Saturday, December 6, 2008

Gripes

In which the formerly infertile woman makes everyone want to kill her by griping about symptoms of pregnancy.

Which is awful. I know this. But seriously? I am so flipping miserable. I do feel incredibly lucky to be this miserable for this reason ...but miserable nonetheless.

I feel like I've got the worst possible ear infection because I'm constantly dizzy. I've become vegetarian because all meat is rotten flesh that tastes and smells vile. And the passing out count? Up to 6. Enough so that I have to have some stupid work up because they don't believe me when I tell them that I did this with the golden child and everything was fine. My body just does not care for pregnancy. I spent a total of about 3.5 hours out of bed yesterday. I have no idea how I'm going to work this week if this continues. My standard dress for the last 3 days has been a nasty pair of old sweatpants and a batik/tye dye number that I wore when I was nine months pregnant ( 13 years ago)that I bought from my favorite vegetarian restaurant in Ann Arbor. Yep. All kinds of sexy. I'm not sure why Monk hasn't left me yet.

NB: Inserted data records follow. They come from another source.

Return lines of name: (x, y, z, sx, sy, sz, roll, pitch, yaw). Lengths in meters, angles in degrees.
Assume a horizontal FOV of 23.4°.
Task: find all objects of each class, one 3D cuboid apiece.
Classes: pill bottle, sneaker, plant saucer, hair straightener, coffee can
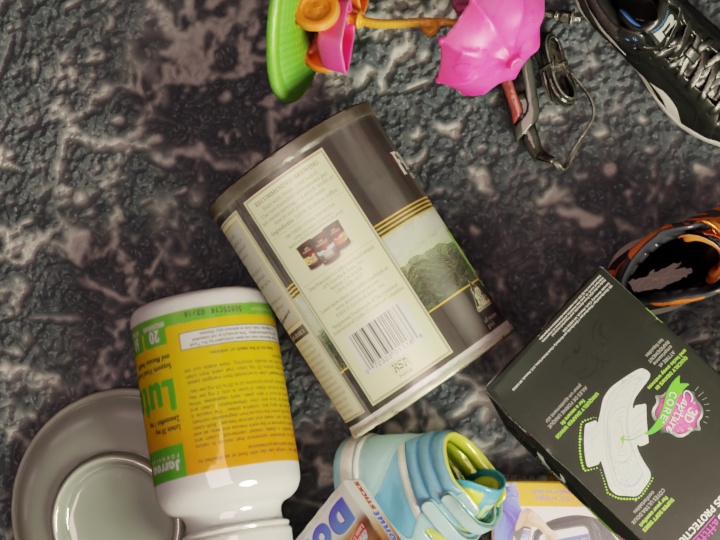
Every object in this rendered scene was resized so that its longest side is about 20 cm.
pill bottle: (-0.105, 0.122, 1.302, 0.110, 0.111, 0.203, -12, 78, 8)
sneaker: (0.059, 0.214, 1.299, 0.129, 0.079, 0.202, -14, 91, 31)
plant saucer: (-0.186, 0.195, 1.365, 0.197, 0.050, 0.203, 0, 93, 8)
sneaker: (0.231, -0.157, 1.262, 0.200, 0.112, 0.073, 41, 98, 5)
sneaker: (0.274, -0.017, 1.258, 0.198, 0.112, 0.078, -27, 88, 4)
hair straightener: (0.131, -0.174, 1.309, 0.076, 0.041, 0.202, -18, 84, 8)
coffee can: (0.000, 0.000, 1.283, 0.146, 0.146, 0.201, -33, 88, 8)

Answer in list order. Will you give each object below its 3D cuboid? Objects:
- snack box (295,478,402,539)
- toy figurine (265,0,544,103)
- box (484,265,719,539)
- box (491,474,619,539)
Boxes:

Now that I'm 10 weeks ...I'm feeling reflective. All of my losses have happened between weeks 10-14. So umm...scary times. But to be honest ...this pregnancy doesn't feel anything like the losses. I'm super sick. I have NO cramping at all ..none. Which feels strange for me. I didn't realize how much I had been cramping throughout the other pregnancies until it wasn't there. I've got to thank the progesterone ...but seriously? If all it took was a progesterone suppository a couple of times a day? I'm pissed about the other losses. I guess we'll see. I remember the golden child's first ultrasound ..and the sheer rush of adrenaline I felt after watching her bounce around inside me. I literally skipped out of the university of michigan hospital. Skipped. With this ultrasound, I was relieved ...but not overwhelmed with joy. Still sitting on pins and needles. Still fairly detached.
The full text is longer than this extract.